## RECORDS SHOWN:
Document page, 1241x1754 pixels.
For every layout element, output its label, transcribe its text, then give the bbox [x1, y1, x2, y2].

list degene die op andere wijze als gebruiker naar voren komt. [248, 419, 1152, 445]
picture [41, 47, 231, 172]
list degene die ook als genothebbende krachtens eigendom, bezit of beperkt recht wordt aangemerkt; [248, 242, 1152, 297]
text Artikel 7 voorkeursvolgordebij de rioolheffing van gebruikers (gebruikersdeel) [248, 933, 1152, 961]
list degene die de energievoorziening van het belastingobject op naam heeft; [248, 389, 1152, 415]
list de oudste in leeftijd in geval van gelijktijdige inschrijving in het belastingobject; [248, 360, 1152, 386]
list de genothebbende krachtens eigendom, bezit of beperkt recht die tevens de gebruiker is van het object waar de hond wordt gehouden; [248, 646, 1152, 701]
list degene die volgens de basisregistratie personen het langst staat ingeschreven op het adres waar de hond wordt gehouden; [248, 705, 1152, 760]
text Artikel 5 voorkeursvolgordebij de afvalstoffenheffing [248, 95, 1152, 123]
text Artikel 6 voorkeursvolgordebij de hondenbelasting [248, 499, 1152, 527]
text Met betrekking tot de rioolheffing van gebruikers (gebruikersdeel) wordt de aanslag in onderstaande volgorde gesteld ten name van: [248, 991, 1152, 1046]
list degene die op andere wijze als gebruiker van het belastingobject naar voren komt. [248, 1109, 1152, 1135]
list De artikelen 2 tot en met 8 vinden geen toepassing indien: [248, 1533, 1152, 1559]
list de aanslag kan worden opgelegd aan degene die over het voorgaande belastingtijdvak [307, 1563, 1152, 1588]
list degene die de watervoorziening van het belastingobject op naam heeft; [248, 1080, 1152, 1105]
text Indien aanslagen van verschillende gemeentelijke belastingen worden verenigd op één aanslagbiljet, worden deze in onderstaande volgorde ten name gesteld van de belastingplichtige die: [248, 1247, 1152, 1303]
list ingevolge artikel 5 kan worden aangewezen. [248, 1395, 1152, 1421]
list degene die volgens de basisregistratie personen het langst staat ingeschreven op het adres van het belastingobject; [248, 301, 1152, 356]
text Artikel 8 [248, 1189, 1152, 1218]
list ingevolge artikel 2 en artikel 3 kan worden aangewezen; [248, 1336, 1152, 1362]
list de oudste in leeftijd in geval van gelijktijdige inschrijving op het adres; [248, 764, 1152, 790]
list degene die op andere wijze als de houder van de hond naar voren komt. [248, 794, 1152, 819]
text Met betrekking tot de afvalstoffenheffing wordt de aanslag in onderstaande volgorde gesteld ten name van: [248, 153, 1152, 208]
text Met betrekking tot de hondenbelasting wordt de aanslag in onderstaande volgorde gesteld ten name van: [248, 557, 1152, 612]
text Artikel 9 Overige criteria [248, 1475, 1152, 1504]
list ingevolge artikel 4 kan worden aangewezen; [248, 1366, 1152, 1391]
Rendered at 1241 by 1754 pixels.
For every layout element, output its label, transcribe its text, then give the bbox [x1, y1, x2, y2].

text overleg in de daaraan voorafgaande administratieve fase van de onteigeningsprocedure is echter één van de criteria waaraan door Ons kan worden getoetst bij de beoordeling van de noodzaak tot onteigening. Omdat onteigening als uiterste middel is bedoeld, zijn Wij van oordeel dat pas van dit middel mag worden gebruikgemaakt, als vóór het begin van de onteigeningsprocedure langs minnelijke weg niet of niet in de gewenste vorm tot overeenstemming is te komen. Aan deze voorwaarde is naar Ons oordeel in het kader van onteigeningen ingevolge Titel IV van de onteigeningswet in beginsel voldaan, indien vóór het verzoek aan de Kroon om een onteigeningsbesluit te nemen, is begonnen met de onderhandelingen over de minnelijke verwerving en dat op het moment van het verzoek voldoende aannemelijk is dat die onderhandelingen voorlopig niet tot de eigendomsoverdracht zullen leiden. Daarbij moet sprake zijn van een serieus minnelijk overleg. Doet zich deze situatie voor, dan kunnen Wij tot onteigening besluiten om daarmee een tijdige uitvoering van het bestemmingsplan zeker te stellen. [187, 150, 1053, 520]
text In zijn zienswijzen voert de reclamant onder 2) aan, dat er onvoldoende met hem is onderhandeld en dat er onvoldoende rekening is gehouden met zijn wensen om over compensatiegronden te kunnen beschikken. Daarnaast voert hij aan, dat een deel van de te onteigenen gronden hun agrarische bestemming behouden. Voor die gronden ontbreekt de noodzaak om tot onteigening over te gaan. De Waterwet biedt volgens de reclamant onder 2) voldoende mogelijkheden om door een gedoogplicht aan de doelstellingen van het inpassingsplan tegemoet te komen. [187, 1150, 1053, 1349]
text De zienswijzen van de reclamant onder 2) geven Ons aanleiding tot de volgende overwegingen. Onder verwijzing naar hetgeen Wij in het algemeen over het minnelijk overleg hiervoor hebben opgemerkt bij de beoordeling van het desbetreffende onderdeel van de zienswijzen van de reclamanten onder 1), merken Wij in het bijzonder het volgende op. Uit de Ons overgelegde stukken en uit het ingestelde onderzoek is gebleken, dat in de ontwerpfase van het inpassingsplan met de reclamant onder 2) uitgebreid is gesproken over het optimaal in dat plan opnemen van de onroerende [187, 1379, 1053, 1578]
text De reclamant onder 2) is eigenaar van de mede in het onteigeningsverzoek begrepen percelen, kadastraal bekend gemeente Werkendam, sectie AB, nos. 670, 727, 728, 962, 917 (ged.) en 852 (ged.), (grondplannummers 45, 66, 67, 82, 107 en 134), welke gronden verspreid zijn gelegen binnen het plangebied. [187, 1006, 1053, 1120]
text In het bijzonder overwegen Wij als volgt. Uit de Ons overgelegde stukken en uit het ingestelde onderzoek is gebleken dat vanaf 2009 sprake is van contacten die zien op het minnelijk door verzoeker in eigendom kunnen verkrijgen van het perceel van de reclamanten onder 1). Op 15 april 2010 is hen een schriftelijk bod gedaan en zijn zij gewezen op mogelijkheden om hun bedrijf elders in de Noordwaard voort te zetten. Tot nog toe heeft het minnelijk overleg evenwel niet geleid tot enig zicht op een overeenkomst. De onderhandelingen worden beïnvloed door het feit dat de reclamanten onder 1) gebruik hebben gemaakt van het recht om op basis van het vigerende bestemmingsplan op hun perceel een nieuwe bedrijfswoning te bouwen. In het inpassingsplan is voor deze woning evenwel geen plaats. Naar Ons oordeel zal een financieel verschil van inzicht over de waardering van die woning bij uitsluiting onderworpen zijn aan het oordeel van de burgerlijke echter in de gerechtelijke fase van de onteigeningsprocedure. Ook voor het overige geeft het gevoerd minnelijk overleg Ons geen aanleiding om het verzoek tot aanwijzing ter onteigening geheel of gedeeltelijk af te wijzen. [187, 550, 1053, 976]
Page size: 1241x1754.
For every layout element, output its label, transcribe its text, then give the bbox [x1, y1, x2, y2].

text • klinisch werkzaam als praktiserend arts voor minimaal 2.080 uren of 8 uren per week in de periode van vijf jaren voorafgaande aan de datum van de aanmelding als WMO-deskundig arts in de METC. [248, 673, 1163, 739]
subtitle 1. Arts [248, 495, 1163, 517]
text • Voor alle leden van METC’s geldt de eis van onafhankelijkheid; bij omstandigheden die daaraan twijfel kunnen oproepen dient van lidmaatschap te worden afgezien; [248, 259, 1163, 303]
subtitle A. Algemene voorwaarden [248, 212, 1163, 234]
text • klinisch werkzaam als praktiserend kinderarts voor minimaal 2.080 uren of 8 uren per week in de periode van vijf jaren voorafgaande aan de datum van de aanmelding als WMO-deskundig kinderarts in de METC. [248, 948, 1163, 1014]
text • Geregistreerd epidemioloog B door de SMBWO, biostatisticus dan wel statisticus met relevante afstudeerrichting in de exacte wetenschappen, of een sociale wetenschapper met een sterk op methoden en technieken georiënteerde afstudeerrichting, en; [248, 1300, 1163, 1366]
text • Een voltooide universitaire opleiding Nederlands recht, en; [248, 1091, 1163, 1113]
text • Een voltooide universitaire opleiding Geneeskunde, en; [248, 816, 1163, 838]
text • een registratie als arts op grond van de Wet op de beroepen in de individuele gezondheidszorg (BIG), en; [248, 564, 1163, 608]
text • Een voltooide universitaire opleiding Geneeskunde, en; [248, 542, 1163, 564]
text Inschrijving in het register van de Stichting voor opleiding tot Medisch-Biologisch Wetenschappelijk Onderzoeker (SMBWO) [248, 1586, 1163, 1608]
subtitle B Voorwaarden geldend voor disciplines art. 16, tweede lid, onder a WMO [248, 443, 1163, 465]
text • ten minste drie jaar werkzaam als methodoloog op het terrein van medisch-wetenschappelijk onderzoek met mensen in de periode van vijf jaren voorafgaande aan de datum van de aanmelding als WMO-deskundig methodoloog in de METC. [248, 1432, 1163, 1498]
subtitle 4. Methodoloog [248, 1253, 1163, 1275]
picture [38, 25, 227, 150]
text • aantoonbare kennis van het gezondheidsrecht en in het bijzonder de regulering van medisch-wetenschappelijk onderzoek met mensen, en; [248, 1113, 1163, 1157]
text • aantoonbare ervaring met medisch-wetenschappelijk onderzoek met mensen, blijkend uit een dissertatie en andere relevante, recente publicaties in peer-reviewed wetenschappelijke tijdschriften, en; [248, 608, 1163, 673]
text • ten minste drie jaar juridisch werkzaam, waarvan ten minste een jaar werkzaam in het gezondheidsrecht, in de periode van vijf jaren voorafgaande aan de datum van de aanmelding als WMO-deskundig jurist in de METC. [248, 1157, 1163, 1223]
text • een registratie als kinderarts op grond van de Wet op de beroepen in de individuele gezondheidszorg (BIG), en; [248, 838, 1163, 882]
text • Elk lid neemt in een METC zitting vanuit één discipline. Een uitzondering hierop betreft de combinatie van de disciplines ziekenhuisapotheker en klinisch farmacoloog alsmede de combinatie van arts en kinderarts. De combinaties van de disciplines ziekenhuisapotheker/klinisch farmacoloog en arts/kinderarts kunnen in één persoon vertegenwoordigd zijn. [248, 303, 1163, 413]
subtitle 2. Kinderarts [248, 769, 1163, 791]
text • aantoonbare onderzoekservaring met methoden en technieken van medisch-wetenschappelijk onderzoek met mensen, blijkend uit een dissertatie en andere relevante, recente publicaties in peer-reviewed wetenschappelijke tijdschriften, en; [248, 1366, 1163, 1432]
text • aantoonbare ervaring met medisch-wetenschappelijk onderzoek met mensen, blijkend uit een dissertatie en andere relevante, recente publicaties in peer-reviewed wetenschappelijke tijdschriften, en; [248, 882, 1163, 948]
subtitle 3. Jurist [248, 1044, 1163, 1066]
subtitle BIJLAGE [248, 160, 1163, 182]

## TASK ITEM:
Retype only the lines above between the line with "text • Voor" and the line with "text • Geregistreerd", counting those two lines as well, and keep every character as it is.

## RESPONSE TO THIS EXERCISE:
text • Voor alle leden van METC’s geldt de eis van onafhankelijkheid; bij omstandigheden die daaraan twijfel kunnen oproepen dient van lidmaatschap te worden afgezien; [248, 259, 1163, 303]
subtitle A. Algemene voorwaarden [248, 212, 1163, 234]
text • klinisch werkzaam als praktiserend kinderarts voor minimaal 2.080 uren of 8 uren per week in de periode van vijf jaren voorafgaande aan de datum van de aanmelding als WMO-deskundig kinderarts in de METC. [248, 948, 1163, 1014]
text • Geregistreerd epidemioloog B door de SMBWO, biostatisticus dan wel statisticus met relevante afstudeerrichting in de exacte wetenschappen, of een sociale wetenschapper met een sterk op methoden en technieken georiënteerde afstudeerrichting, en; [248, 1300, 1163, 1366]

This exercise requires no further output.